2. A woodworking machine, as claimed in claim 1, wherein said first and third spindles are also movable normal to said first direction, and wherein said second spindles are also movable normal to said second direction.
3. A woodworking machine, as claimed in claim 1, wherein said first, second and third spindles are also movable parallel to their own axis.
The invention relates to a woodworking machine for the tenoning and longitudinal profiling of timber frames, especially window frames, in which provision is made for at least one first vertical spindle, with tenoning tools, located diagonally to at least one further spindle with tools for longitudinal profiling, a further tenoning spindle being fitted on the opposite side of the assembly containing the longitudinal profiling spindle, and two sliding tables allocated to the tenoning spindles and aligned with the work table of the longitudinal profiling spindle, being provided.
A machine disclosed in German Patent Specification No. 2138137, in which the present Applicant is named as inventor, makes it possible, in one continuous operation, to form tenons and mortises first at one end of a window frame, after which the latter is moved longitudinally past the longitudinal profiling spindle so that it may then be moved transversely past the second tenoning spindle in order to form the tenons and mortises at the opposite end.
The disadvantage of this known layout is that it permits the manufacture of only certain window frames of certain cross-sections and/or profiles. If other cross-sections are required and also if different tenons and mortises are necessary, the tools in all three spindles have to be changed. This applies even to ordinary windows in cases where the wood comprising a single window is provided with several tenons and mortises, because a threefold tool change is then required to produce a single window.
Accordingly the object of the invention is to provide a woodworking machine of the type described above with which ordinary windows can be manufactured without any change of tools.
In accordance with the invention this problem is solved by fitting at least two tenoning spindles one behind the other at the input end of the machine, which are followed by at least two longitudinal profiling spindles and at least two additional tenoning spindles.

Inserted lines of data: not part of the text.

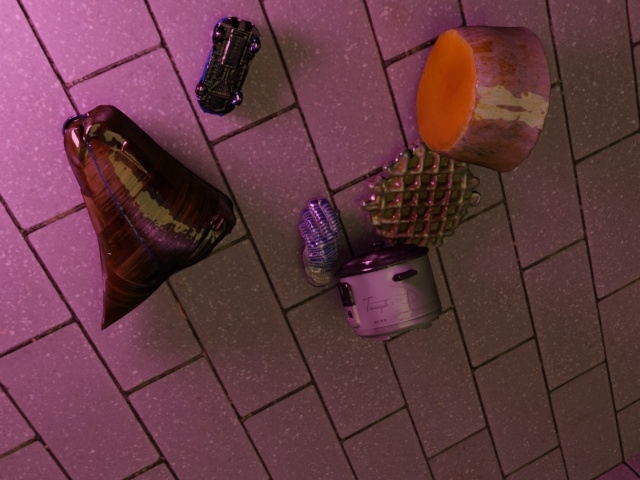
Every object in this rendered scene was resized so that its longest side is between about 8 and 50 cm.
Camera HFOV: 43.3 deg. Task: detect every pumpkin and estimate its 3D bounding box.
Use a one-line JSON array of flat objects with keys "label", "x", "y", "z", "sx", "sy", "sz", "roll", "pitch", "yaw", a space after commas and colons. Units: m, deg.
[{"label": "pumpkin", "x": 0.348, "y": -0.319, "z": 1.822, "sx": 0.199, "sy": 0.332, "sz": 0.332, "roll": -1, "pitch": 115, "yaw": -15}]

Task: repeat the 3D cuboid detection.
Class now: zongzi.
[{"label": "zongzi", "x": -0.454, "y": -0.034, "z": 1.704, "sx": 0.432, "sy": 0.207, "sz": 0.403, "roll": -40, "pitch": 119, "yaw": 14}]

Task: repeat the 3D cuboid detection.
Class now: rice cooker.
[{"label": "rice cooker", "x": 0.165, "y": 0.112, "z": 1.971, "sx": 0.241, "sy": 0.280, "sz": 0.226, "roll": -15, "pitch": 92, "yaw": -15}]

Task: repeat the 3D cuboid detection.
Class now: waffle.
[{"label": "waffle", "x": 0.257, "y": -0.110, "z": 2.029, "sx": 0.292, "sy": 0.056, "sz": 0.309, "roll": -46, "pitch": 124, "yaw": 4}]

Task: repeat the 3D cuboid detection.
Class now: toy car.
[{"label": "toy car", "x": -0.200, "y": -0.367, "z": 1.704, "sx": 0.103, "sy": 0.063, "sz": 0.216, "roll": 11, "pitch": 116, "yaw": -26}]

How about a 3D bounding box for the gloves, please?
[{"label": "gloves", "x": 0.004, "y": 0.004, "z": 1.968, "sx": 0.119, "sy": 0.097, "sz": 0.229, "roll": -29, "pitch": 123, "yaw": -44}]

This arrangement means that, as a result of the sequence of at least two sets of tools on the two interrelated spindles, multistage profiles, together with their appropriate tenon and mortise joints, can be made in a single operation without a change of tools. It follows that, with the layout according to the invention, any idle time of the machine can be completely eliminated. The absence of tool changes removes the possibility of sources of error connected therewith, such as can arise from setting-up mistakes and the like.
Unlike another prior art layout, in which two tenoning spindles are fitted after at least two longitudinal spindles, the arrangement according to the invention has the advantage that the window frame, without having to be turned, passes through the machine in a single operation, emerging as the finished product. With said prior art layout, the tenons and mortises at the one end of the window frame are first made, after which the sliding table has to be moved back and the window frame turned so that, by renewed movement of the sliding table forwards, the tenons and mortises can be provided at the other end. Only then can the window frames be passed to the longitudinal profiling spindles. In the present invention, in contrast, the tenons and mortises of the second end are not provided until after longitudinal profiling, in one continuous operation, and so idle time involved in the backward movement of the sliding table is saved.

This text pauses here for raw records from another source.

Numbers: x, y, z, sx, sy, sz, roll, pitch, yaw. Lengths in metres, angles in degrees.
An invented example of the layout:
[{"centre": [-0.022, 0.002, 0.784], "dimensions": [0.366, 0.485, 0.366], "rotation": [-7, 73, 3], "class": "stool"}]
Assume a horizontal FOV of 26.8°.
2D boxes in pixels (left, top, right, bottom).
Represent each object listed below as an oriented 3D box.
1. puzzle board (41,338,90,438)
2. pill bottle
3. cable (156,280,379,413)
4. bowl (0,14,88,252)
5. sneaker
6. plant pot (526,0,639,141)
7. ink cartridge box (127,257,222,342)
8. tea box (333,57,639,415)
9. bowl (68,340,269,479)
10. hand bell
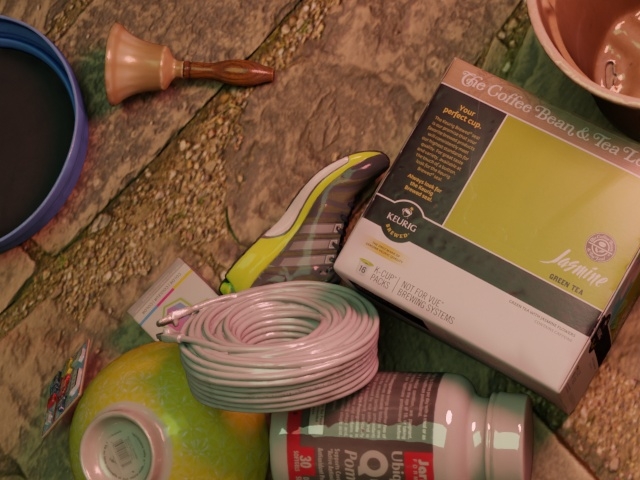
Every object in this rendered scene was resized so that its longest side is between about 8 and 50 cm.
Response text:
[{"centre": [-0.359, 0.206, 1.886], "dimensions": [0.096, 0.011, 0.128], "rotation": [-49, 23, 24], "class": "puzzle board"}, {"centre": [0.107, 0.254, 1.718], "dimensions": [0.318, 0.176, 0.176], "rotation": [0, 75, 15], "class": "pill bottle"}, {"centre": [-0.051, 0.135, 1.703], "dimensions": [0.257, 0.257, 0.089], "rotation": [22, 124, 49], "class": "cable"}, {"centre": [-0.536, -0.155, 2.061], "dimensions": [0.391, 0.077, 0.391], "rotation": [-4, 74, 15], "class": "bowl"}, {"centre": [0.000, 0.000, 1.868], "dimensions": [0.121, 0.111, 0.300], "rotation": [43, 95, 11], "class": "sneaker"}, {"centre": [0.442, -0.268, 1.702], "dimensions": [0.333, 0.305, 0.334], "rotation": [-4, 74, 14], "class": "plant pot"}, {"centre": [-0.160, 0.134, 1.885], "dimensions": [0.109, 0.062, 0.209], "rotation": [-47, 69, -1], "class": "ink cartridge box"}, {"centre": [0.250, -0.003, 1.727], "dimensions": [0.329, 0.220, 0.323], "rotation": [29, 85, 20], "class": "tea box"}, {"centre": [-0.229, 0.276, 1.778], "dimensions": [0.289, 0.156, 0.289], "rotation": [-1, 87, 24], "class": "bowl"}, {"centre": [-0.189, -0.255, 1.996], "dimensions": [0.242, 0.126, 0.126], "rotation": [4, 76, 3], "class": "hand bell"}]

The tenoning spindles and also the longitudinal profiling spindles can be movably fitted at right angles to the direction of advance so that, for certain processes, the tools can if required be engaged or disengaged. Furthermore, the tenoning spindles and also the longitudinal profiling spindles can be provided with two or more sets of tools located one above the other and be adjustable for height in order to be able to bring the sets of tools located one above the other into use as required, thereby making it possible to produce different profiles with a single setting of the tools.
An embodiment of the invention is described in detail below with reference to the drawing. The drawing has a single FIGURE which is a diagrammatic plan view of the machine.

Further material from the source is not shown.